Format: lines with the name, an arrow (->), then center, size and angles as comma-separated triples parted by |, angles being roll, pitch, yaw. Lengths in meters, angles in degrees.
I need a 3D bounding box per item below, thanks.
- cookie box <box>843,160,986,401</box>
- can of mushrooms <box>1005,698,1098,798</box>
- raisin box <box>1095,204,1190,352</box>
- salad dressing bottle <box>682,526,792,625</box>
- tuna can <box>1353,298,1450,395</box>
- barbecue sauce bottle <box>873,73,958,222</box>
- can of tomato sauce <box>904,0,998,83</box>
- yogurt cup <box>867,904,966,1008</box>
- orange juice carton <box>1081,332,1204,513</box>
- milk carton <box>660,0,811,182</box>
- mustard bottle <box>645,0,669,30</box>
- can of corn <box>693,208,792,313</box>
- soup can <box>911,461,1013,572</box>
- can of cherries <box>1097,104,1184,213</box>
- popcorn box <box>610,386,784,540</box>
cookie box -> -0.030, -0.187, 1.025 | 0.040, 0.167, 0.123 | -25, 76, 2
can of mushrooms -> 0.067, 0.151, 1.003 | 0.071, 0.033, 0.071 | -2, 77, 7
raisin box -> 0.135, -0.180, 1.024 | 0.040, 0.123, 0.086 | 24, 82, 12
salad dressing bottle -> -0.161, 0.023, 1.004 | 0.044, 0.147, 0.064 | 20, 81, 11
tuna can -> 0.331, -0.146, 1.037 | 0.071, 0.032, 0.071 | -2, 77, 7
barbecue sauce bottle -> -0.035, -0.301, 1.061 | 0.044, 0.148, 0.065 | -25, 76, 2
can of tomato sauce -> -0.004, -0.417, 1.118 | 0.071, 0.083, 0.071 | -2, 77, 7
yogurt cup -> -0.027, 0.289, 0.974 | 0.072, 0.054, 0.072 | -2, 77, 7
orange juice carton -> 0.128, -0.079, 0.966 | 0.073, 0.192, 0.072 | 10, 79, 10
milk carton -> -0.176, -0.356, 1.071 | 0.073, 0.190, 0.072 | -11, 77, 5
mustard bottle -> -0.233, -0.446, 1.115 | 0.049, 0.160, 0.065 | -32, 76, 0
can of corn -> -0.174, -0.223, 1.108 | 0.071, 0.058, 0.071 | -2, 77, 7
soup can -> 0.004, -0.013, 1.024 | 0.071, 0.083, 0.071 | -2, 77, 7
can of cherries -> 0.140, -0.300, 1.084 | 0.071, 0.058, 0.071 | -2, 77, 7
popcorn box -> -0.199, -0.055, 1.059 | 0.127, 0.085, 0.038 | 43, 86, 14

* [What is needed] Starting at the line above that contains "- can of tomato sauce <box>904,0,998,83</box>", write out each line exactly until the line that contains "- can of cherries" has been written, and stop there.

* [Response to this exercise]
- can of tomato sauce <box>904,0,998,83</box>
- yogurt cup <box>867,904,966,1008</box>
- orange juice carton <box>1081,332,1204,513</box>
- milk carton <box>660,0,811,182</box>
- mustard bottle <box>645,0,669,30</box>
- can of corn <box>693,208,792,313</box>
- soup can <box>911,461,1013,572</box>
- can of cherries <box>1097,104,1184,213</box>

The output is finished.